A small measure of both methods: glibc (for x86-64) don't use fsin instruction (since SSE/SSE2 is the default means to use floating point):
; testfp.asm
bits 64
default rel
section .text
; Since SSE don't have any 'transcendental' instructions we can use
; fp87 fsin, but the argument comes from XMM0 and the result is XMM0 as well.
; Using red zone here.
global sin_
sin_:
movsd [rsp-8],xmm0
fld qword [rsp-8]
fsin
fstp qword [rsp-8]
movsd xmm0,[rsp-8]
ret
And the test code:
// test.c
#include <stdio.h>
#include <inttypes.h>
#include <math.h>
#include "cycle_counting.h"
extern double sin_( double );
int main( void )
{
double a, s1, s2;
counter_T c1, c2;
unsigned int i;
i = 0;
c1 = c2 = 0;
for ( a = 0.0; a < 2.0 * M_PI; a += M_PI / 180.0, i++ ) // dregrees to radians.
{
counter_T ctmp;
ctmp = BEGIN_TSC();
s1 = sin( a ); // glibc sin() function.
ctmp = END_TSC( ctmp );
c1 += ctmp;
ctmp = BEGIN_TSC();
s2 = sin_( a ); // our function.
ctmp = END_TSC( ctmp );
c2 += ctmp;
// this is here 'cause without this the compiler will get rid of sin() call
// since it is an 'intrinsic' and the result isn't used, otherwise.
printf( "%g, %g\n", s1, s2 );
}
c1 /= i;
c2 /= i;
printf( "glibc sin(): %" PRIu64 " cycles.\n"
"sin_(): %" PRIu64 " cycles.\n",
c1, c2 );
}
BEGIN_TSC() and END_TSC() gets the timestamp counter, serializing the processor.
Sometimes sin_() is faster, but not always.

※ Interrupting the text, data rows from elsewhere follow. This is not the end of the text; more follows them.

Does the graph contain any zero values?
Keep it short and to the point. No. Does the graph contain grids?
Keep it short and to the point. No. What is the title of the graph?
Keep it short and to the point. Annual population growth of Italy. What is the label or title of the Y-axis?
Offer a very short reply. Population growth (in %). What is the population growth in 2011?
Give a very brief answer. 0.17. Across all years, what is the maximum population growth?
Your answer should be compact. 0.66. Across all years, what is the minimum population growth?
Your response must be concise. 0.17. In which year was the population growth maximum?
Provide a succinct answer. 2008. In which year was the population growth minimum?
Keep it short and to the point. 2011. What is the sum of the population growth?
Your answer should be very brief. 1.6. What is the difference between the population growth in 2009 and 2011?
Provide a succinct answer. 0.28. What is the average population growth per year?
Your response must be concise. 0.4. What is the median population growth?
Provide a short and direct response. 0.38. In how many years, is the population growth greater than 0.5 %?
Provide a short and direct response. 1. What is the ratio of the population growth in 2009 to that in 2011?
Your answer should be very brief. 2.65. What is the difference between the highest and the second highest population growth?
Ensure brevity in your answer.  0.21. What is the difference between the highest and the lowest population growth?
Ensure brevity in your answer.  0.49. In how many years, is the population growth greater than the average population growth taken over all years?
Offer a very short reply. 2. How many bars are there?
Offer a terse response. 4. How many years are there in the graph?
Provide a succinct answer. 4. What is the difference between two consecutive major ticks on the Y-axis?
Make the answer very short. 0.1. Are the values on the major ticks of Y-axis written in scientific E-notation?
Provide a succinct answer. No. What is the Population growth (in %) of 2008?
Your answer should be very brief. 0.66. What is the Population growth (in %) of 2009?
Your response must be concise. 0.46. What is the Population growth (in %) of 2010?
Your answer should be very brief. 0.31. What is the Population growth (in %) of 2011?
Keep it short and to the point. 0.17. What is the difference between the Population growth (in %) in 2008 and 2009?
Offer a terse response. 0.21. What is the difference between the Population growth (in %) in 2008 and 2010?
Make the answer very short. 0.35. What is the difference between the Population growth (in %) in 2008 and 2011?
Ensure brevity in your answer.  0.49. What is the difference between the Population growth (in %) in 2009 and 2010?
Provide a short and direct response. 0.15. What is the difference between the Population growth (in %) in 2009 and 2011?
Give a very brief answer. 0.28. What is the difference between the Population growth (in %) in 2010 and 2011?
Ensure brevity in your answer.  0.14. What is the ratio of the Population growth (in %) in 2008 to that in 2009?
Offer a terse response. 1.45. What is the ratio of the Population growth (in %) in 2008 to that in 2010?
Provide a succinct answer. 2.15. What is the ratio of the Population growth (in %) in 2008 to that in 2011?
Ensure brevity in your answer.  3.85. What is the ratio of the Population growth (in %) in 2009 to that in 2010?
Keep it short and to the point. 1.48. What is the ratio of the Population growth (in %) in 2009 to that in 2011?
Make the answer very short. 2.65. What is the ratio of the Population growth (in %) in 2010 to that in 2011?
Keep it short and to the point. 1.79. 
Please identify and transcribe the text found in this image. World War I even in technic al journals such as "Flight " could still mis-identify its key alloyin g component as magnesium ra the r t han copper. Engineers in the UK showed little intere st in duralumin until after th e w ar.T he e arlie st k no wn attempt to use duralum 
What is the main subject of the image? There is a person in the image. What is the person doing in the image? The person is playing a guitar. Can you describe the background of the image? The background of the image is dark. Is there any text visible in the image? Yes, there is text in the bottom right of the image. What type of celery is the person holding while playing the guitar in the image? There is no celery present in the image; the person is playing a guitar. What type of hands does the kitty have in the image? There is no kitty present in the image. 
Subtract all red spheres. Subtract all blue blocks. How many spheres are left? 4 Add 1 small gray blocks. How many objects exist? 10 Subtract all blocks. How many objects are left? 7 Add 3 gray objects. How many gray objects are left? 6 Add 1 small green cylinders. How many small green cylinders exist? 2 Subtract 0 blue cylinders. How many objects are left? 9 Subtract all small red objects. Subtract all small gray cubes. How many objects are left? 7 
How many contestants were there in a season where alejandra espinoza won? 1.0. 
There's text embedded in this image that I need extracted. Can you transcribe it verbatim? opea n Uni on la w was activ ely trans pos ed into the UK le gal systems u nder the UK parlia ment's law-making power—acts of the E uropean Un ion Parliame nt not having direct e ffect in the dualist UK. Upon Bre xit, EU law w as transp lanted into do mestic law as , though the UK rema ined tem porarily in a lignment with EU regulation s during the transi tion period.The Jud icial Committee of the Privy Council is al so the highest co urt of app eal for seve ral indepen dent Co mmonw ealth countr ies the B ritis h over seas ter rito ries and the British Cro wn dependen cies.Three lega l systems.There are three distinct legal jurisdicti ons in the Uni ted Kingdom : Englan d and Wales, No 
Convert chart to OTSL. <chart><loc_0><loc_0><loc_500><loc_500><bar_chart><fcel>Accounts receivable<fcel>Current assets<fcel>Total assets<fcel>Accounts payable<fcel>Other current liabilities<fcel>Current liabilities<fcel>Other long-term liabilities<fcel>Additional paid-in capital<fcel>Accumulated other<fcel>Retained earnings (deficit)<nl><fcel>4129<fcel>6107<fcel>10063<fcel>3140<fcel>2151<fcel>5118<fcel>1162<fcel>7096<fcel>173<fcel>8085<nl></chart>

Here's two results:
$ nasm -felf64 -o testfp.o testfp.asm
$ cc -O2 -ffast-math -c -o test.o test.c
$ cc -s -o test test.o testfp.o -lm
$ ./test
...
glibc sin(): 145 cycles.
sin_(): 102 cycles.
...
$ ./test
...
glibc sin(): 174 cycles.
sin_(): 210 cycles.
First case, sin_() is 29,6% faster than sin(). Second case, sin() is 17% faster than sin_().
So, to use fp87 instructions isn't a garantee of performance from hardware assisted complex functions.